There are three types of agents: trigger, action, and filter.
Trigger agents "start" a flow. They cannot receive events. Most commonly, our users will use a Mention segment or a person segment--which triggers when any new mention or person matching that segment is added to the system. These will produce an event that contains the ID of the matching person/company/mention.
We can also trigger on changes to a list. If you manually add a person to a list at a stage, this can also trigger a workflow.
Action agents perform actions. They can either be grooming, send messages, check for data, etc. Lots of activities can happen with the actions.
Filter agents check the incoming data, and evaluate to true or false. If true, they pass actions. If false, the event flow terminates.

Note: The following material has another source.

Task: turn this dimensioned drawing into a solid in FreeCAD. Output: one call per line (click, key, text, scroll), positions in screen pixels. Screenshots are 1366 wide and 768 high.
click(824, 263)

When an agent is dropped onto the canvas, it creates a "cell" in the workflow #options, and then the workflow automatically saves (PUT /api/v1/projects/:id/workflows/:id) . Any time that the workflow is saved, it is evaluated as to whether its valid or not, using the AutomationBuilder. The return value from the API is :ok if its able to save, and the meta shows the errors, the error count, and the agent count of the workflow.

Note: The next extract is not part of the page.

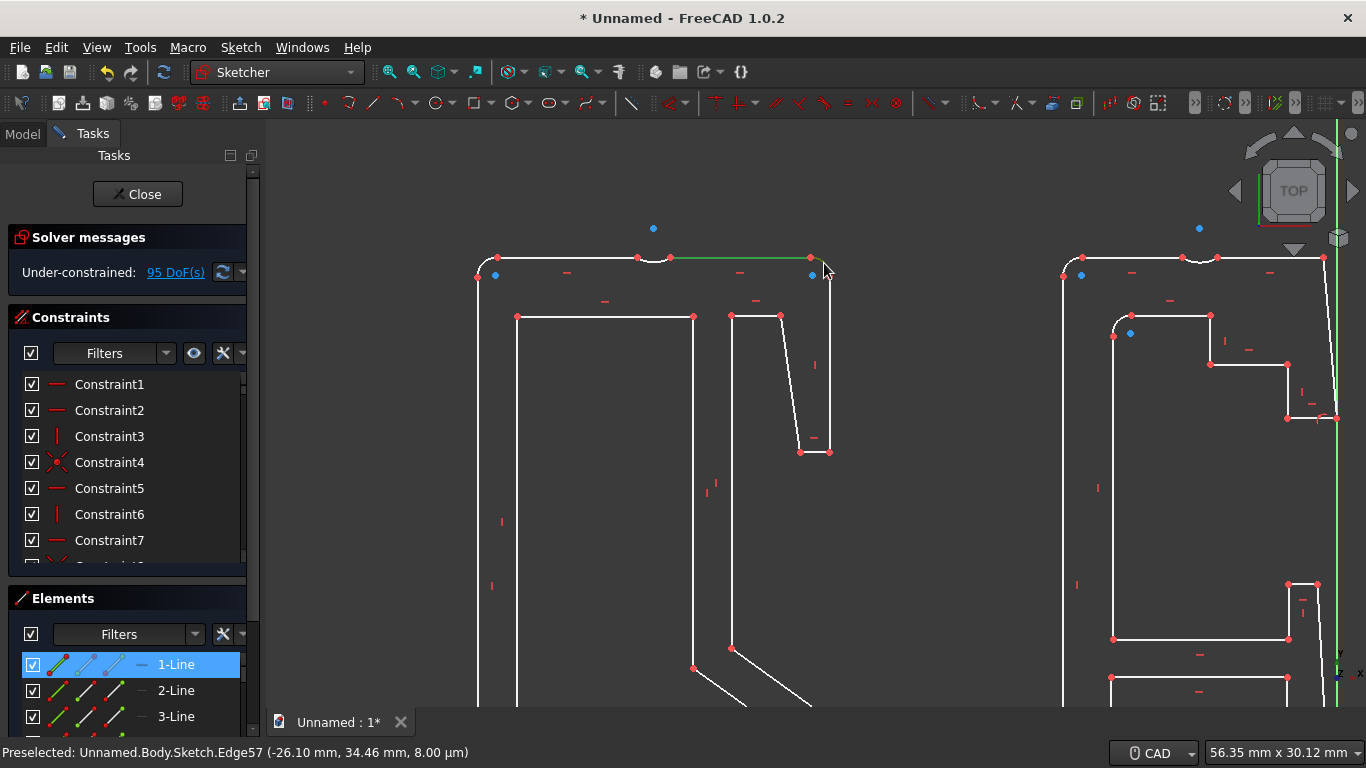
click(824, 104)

All agents on the canvas correspond to a "cell".
The other cell type, is a link. When 2 agents are linked together, the link between them is also a cell. This cell can have an event group (group_id) on it, or not. Anytime two agents are linked together, this causes the system to save as well.
A listing inside a workflow#options looks typically like this:
The field configuration from the agent is in the "config" part of this cell. it contains a "segment_id" which corresponds to a segment id in the project. This segment will emit events when a new mention matches the segment.
There is a lot of information on the cell that is related to the display of the cell on the canvas. For the purposes of the agent configuration, these should be saved, but ignored. We only care about the "config" part of the setup.
Note that the isValid is not a configuration.. its whether the cell meets the criteria of all of the fields that should be filled out, being filled out.
Every time the workflow changes, new version is saved.
Every time a workflow is saved, the updated configuration is checked to determine if it appears to be valid. If so, then it will notify as such. But, it's really only at build time that we know that a workflow is really ready to be launched.
Building a workflow means creating or updating the agents that exist in our system, configuring them, and then enabling them to generate/process events. This is done with the AutomationBuilder.
The AutomationBuilder class takes a workflow as the argument. It extracts the data from the options, and then loops through the cells and figures out if they are existing or not. We identify an agent as existing, by saving the Cell_id into the agent. So this is how we match up. IF a user that is using the UI deletes an agent, then re-adds the same agent type, it will have a different ID, and thus when building the Workflow, the existing agent will be deleted, and a new agent will be created.
Each agent is an ActiveRecord model, and uses validations to determine if its valid to run. If not, it will add its errors to the AutomationBuilder itself as errors, and list its cell_id as the problem, with a description of the issue(s).
You can use the AutomationBuilder to either #check or to build. If you check, then it won't create the agents.. (it will "new" them, but not save them).. or you can build them, and this will create the agents and activate them.
Once a workflow is created, it can be launched by toggling the "start" on the view. This will put the workflow with its state to active. If that is the case, then it should build the workflow and launch it.